Monday, 28 August 2023
Boundary Waters (Hyatt Regency Minneapolis)
Ian C Cornejo, University of Wisconsin, Madison, WI; and A. Rowe, U. Romatschke, and M. J. Dixon
Modern weather radars provide high-resolution temporal and spatial estimates of rainfall and are crucial in expanding quantitative precipitation estimations beyond sparsely connected surface observations. Dual-polarization capabilities allow for more advanced “hybrid” rain rate retrieval algorithms than traditional Z-R-based relationships, although they also rely on climatologically-tuned coefficients.
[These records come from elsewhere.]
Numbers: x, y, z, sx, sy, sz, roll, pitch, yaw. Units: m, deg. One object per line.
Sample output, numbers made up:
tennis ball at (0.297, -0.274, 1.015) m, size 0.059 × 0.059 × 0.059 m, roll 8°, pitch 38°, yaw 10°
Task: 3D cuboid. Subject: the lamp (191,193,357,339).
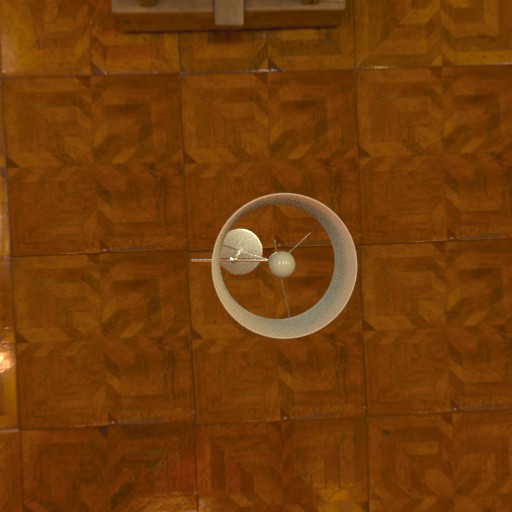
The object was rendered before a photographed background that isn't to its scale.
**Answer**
lamp at (0.000, 0.000, 1.777) m, size 0.416 × 1.600 × 0.324 m, roll 0°, pitch 92°, yaw -1°
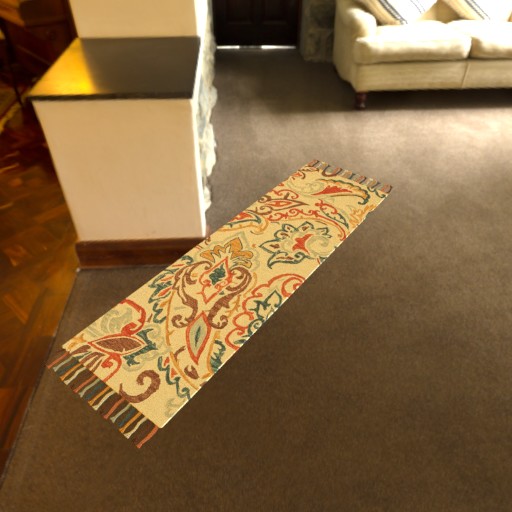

In this study, the Lidar Radar Open Software Environment (LROSE) is utilized to apply a Z-R relationship as well as the NCAR hybrid rain rate retrieval algorithm to the S-band, dual-polarization radar, S-Pol, during its deployment in the 2022 Prediction of Rainfall Extremes Campaign In the Pacific (PRECIP) in Taiwan. The goals of this campaign were to understand the ingredients necessary in producing extreme rainfall, requiring accurate rainfall estimates from S-Pol to connect the microphysical characteristics of rainfall and the precipitation at the surface. The radar was deployed for a 2.5-month period near the mountainous terrain of Taiwan, proving a challenge for most rain rate retrieval algorithms due to terrain blockage effects. This challenge prompted a new implementation of a specific attenuation-based rain rate retrieval algorithm into LROSE that can mitigate the effects of partial beam blockage.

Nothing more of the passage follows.